Разбиваем на тренировочную и тестовую выборки, получаем признаки для train и test

from sklearn.feature_extraction.text import TfidfVectorizer
from sklearn.linear_model import LogisticRegression
from sklearn.model_selection import train_test_split

vectorizer_params = {
    "max_features": cfg.params.max_features,
    "analyzer": "word"
}

tfidf_vectorizer = TfidfVectorizer(**vectorizer_params)

train, test = train_test_split(
    processed_data,
    test_size=cfg.params.test_size,
    shuffle=cfg.params.shuffle,
    random_state=cfg.params.random_state,
)

tfidf_vectorizer.fit(train["corpus"].to_pandas().astype(str))

train_features = tfidf_vectorizer.transform(train["corpus"].list.join(" ").to_numpy())
test_features = tfidf_vectorizer.transform(test["corpus"].list.join(" ").to_numpy())

Вспомогательный код для отрисовки Confusion матрицы

import numpy as np
from matplotlib import pyplot as plt
from matplotlib.figure import Figure
from sklearn.metrics import (
    ConfusionMatrixDisplay,
)

def conf_matrix(y_true: np.ndarray, pred: np.ndarray) -> Figure:
    plt.ioff()
    fig, ax = plt.subplots(figsize=(5, 5))
    ConfusionMatrixDisplay.from_predictions(y_true, pred, ax=ax, colorbar=False)
    ax.xaxis.set_tick_params(rotation=90)
    _ = ax.set_title(f"Confusion Matrix")
    plt.tight_layout()
    return fig

Используем MLflow для логирования результатов обучения логистической регрессии

import mlflow
from sklearn.metrics import classification_report

# Подключение к серверу MLflow
mlflow.set_tracking_uri("http://127.0.0.1:8080")

# Зафиксируем текущее название эксперимента
mlflow.set_experiment(EXPERIMENT_NAME)


with mlflow.start_run(run_name=RUN_NAME) as run:
    model_params = {
        "random_state": cfg.params.random_state,
        "multi_class": "multinomial",
        "solver": "saga",
    }
    
    model_lr = LogisticRegression(**model_params)
    model_lr.fit(train_features, train["Polarity"])
    
    predicts = model_lr.predict(test_features)
    
    report = classification_report(test["Polarity"], predicts, output_dict=True)

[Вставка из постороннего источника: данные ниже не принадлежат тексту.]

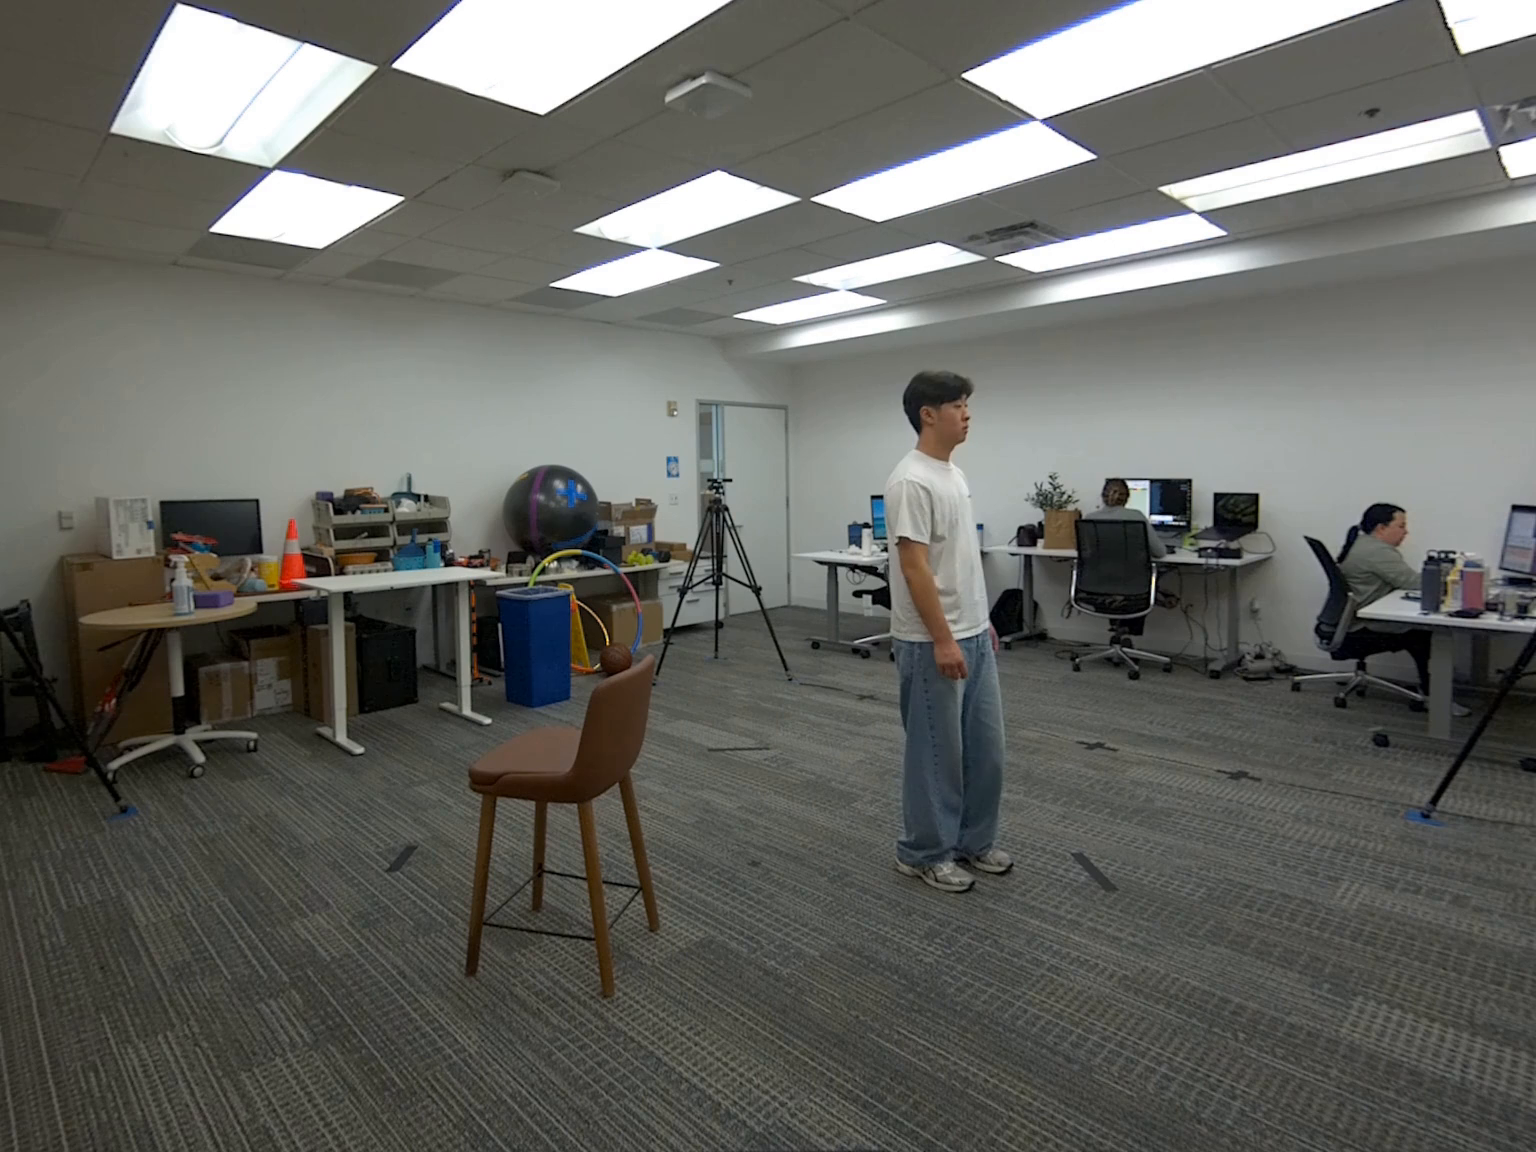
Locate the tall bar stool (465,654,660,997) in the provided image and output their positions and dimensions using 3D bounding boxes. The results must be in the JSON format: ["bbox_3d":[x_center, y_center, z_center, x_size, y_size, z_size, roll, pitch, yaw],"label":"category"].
[{"bbox_3d":[-0.596,0.689,2.525,0.475,0.885,0.451,2,6,16],"label":"tall bar stool"}]

    # логирование метрик из classification report
    mlflow.log_metric("accuracy", report.pop("accuracy"))
    for class_or_avg, metrics_dict in report.items():
        if class_or_avg == 'macro avg':
            break
        for metric, value in metrics_dict.items():
            mlflow.log_metric(class_or_avg + '_' + metric, value)
    
    # Логирование параметров модели
    mlflow.log_params(vectorizer_params) 
    mlflow.log_params(model_params)

    # Логирование целой модели для переиспользование
    mlflow.sklearn.log_model(
        sk_model=model_lr, 
        input_example=test_features[:10], 
        artifact_path=f"mlflow/{RUN_NAME}/model"
    )
    
     # Получение confusion matrix на два класса
    fig = conf_matrix(test["Polarity"], predicts)
    
    # Логирование фигур или целых артефактов
    mlflow.log_figure(fig, f'{RUN_NAME}_confusion_matrix.png')
2024/05/19 18:22:30 INFO mlflow.tracking.fluent: Experiment with name 'Embedding_50K_v2' does not exist. Creating a new experiment.